The present disclosure relates to a plasma supply apparatus and a substrate treatment apparatus including the same, and more particularly, to a plasma supply apparatus capable of controlling the quantity of radicals and a substrate treatment apparatus including the same.

As semiconductor line widths become finer, semiconductor patterns are developing into narrow and deep high aspect ratio forms.

It is required to control the quantity and ratio of ions and radicals included in the plasma to shorten the process time when processing a substrate using plasma, improving productivity in such a high aspect ratio process.

At this time, the quantity of ions generated can be independently controlled by controlling the size of the voltage of the power applied to generate plasma.

And, pressure control within the chamber is essential for controlling the quantity of radicals generated. However, it is difficult to control the quantity of radicals generated, since a low pressure close to vacuum pressure is required in the process for forming a high aspect ratio pattern.

Embodiments of the present disclosure provide a plasma supply apparatus capable of controlling the quantity of radicals and a substrate treatment apparatus including the same.

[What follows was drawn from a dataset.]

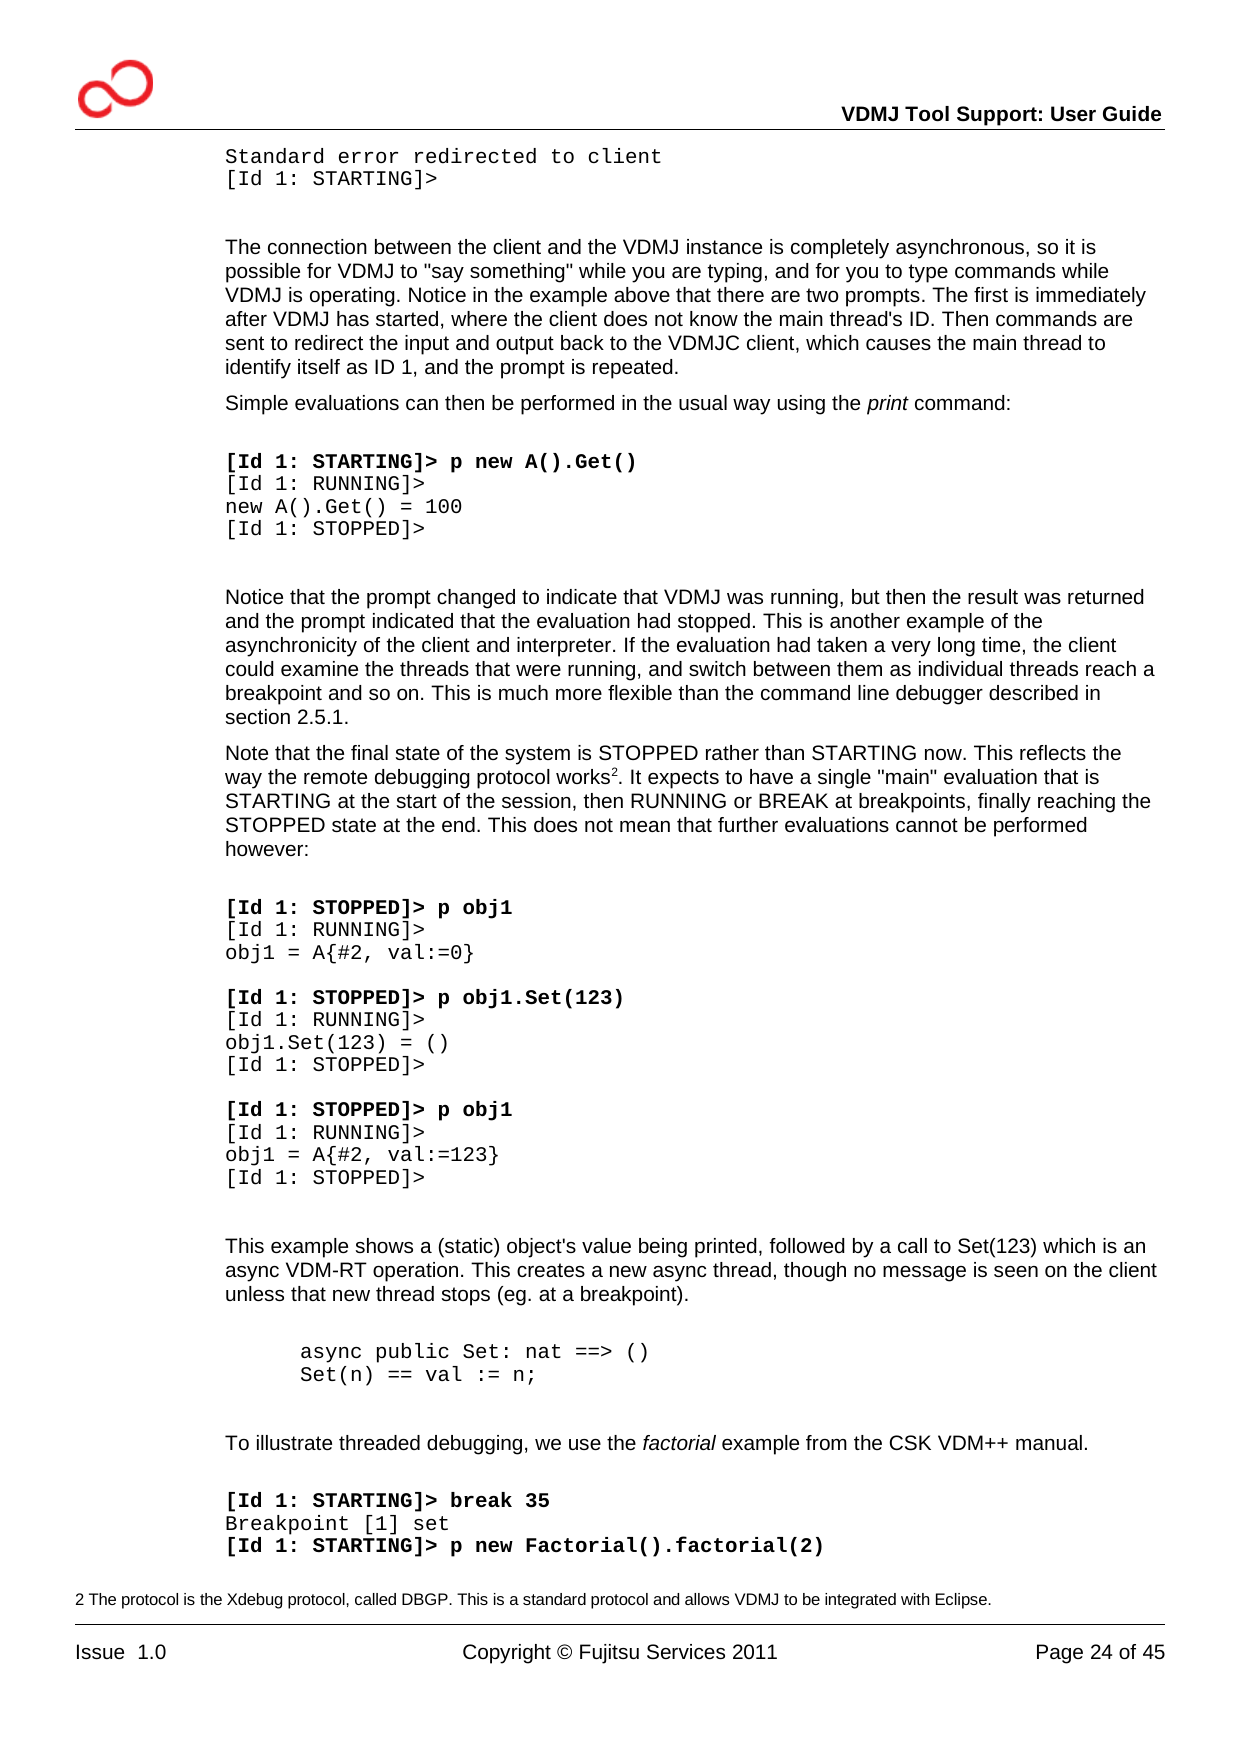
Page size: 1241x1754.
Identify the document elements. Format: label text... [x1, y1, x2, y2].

According to an example embodiment, there is provided a plasma supply apparatus including: a plasma supply portion configured to supply plasma into a chamber having a processing space in which a substrate is processed; and a radical control portion configured to control a quantity of radicals in the processing space, wherein the radical control portion includes: a plasma chamber located outside the processing space and having a space in which the plasma is generated; a magnetron configured to generate microwaves; a waveguide connected between the magnetron and the plasma chamber and configured to cause the microwaves to be transmitted between the magnetron and the plasma chamber; a reaction gas supply portion configured to supply a reaction gas into the plasma chamber, and control an internal pressure of the plasma chamber; and a radical supply connection portion connecting the plasma chamber and the chamber to be in communication with each other.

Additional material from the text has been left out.